Dr. Kim adds that, theoretically, most lasers can cater to Asian skin types; what’s much more important is how they’re used. “The settings have to be tailored to each patient’s skin type, to maximize benefits and minimize risk for complications,” he says. “There isn’t one setting that works great on everyone. It really has to be adjusted for each patient and each treatment.”

To that end, it’s essential to work with an experienced, board-certified doctor. Dr. Rahimi recommends asking to see before and after photos of patients in your age range and skin tone. He also stresses the value of test spots. “I do a dime-size behind the ear. If that goes well, we’ll do the whole face,” he says. With that, consider these the best lasers for Asian skin, according to dermatologists.

1. For brightening without downtime: Clear + Brilliant Permea laser

This gentle, non-ablative laser is one of Dr. Rahimi’s go-to devices for patients of Asian heritage. 
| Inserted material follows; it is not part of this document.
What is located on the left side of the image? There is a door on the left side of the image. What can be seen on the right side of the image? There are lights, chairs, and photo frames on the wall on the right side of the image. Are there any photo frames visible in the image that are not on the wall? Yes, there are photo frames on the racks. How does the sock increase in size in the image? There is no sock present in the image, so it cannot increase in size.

“It’s a 1400-nanometer laser that skips the skin, goes down to the dermis, and promotes the body’s production of collagen,” he explains. “Gradually, skin is repaired, pigmentation gets better, and fine lines and brown spots go away.” Adding to its appeal is the lack of downtime—think redness for a day—and relatively quick treatment time.

2. For dark spots and deep lines: MiXto fractional CO2 laser

With fractional ablative lasers, says Dr. Rahimi, “a percentage of the skin—let’s say 10%, 20%, 40% of the skin—is evaporated and ablated, and new skin grows from underneath the sebaceous glands and hair follicles.” This is the kind of trauma that can lead to post-inflammatory hyperpigmentation, which is why he prefers the MiXto laser; it has a pattern that allows skin to cool so heat doesn’t build up and inadvertently cause damage.
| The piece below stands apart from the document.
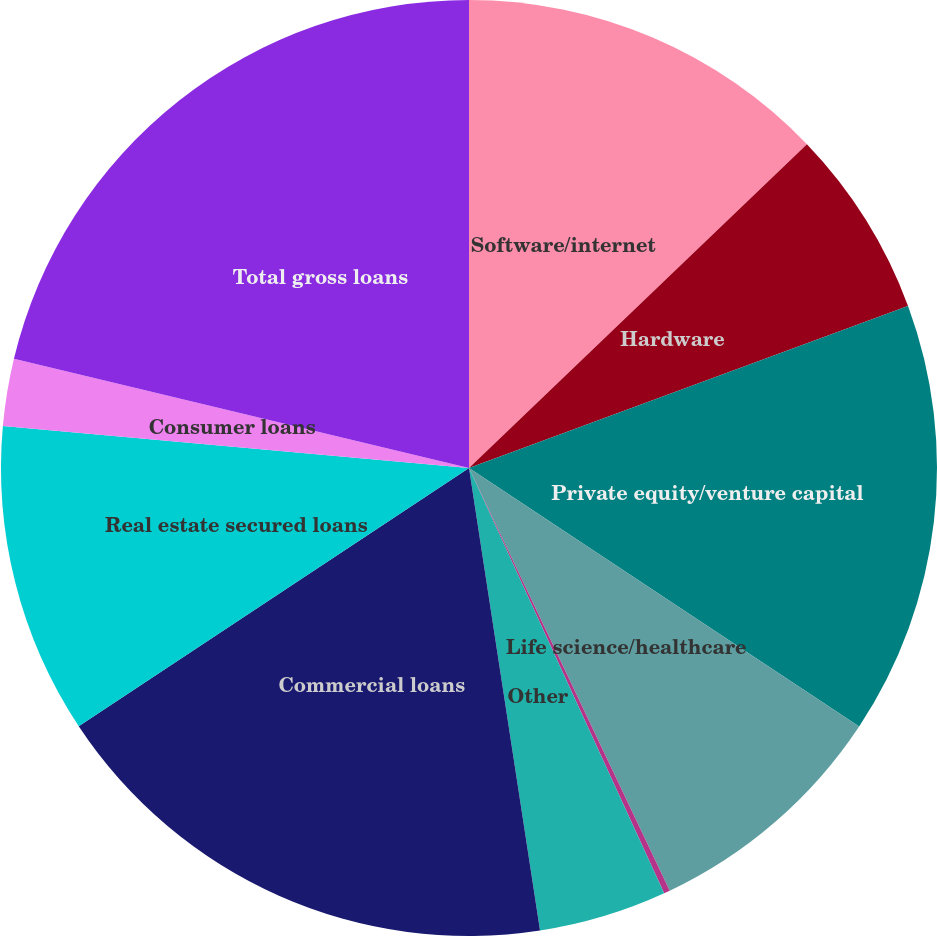Convert chart. <chart><loc_0><loc_0><loc_500><loc_500><pie_chart><fcel>Software/internet<fcel>Hardware<fcel>Private equity/venture capital<fcel>Life science/healthcare<fcel>Premium wine<fcel>Other<fcel>Commercial loans<fcel>Real estate secured loans<fcel>Consumer loans<fcel>Total gross loans<nl><fcel>12.84%<fcel>6.53%<fcel>14.94%<fcel>8.63%<fcel>0.21%<fcel>4.42%<fcel>18.12%<fcel>10.73%<fcel>2.32%<fcel>21.25%<nl></chart>

3. For rebuilding collagen: Venus Viva microneedling with RF

Radiofrequency-powered lasers are a winner for Dr. Rahimi, for one big reason: They’re colorblind. “You can do Venus Viva on dark skin,” he says. “It’s much less likely to cause hyperpigmentation or keloid formation.” The machine pairs microneedling with radiofrequency, to deliver RF energy into the dermis, where it improves everything from wrinkles to enlarged pores with just a day or two of sunburn-like redness.

4. For tattoo removal: Q-switched YAG laser

While there are several options for tattoo removal, YAG lasers tend to be the best method across the board. For patients of Asian descent, in particular, “Q-switched Nd:YAG is great for tattoo removal and can even improve some pigmentary conditions,” says Dr. Badreshi. It targets dark clusters of melanin, shattering them into tiny pieces that can then be absorbed or shed by the body. That said, it can still be relatively risky for deeper skin tones, so an experienced provider is a nonnegotiable.

5. For laser hair removal: Long pulse YAG Laser

This YAG laser is also ideal for those with dark skin tones, since its wavelength of 1064 nanometers isn’t absorbed well by melanin. “Nd:YAG laser results in sufficient thermal injury to dark coarse hairs and spares the epidermis,” says Dr. Badreshi. “It allows energy to be delivered slowly, resulting in heat dissipation and cooling, minimizing damage to the epidermis.” Think of it as hitting the happy medium—it’s strong enough to zap hairs at the root but not so strong as to create damage.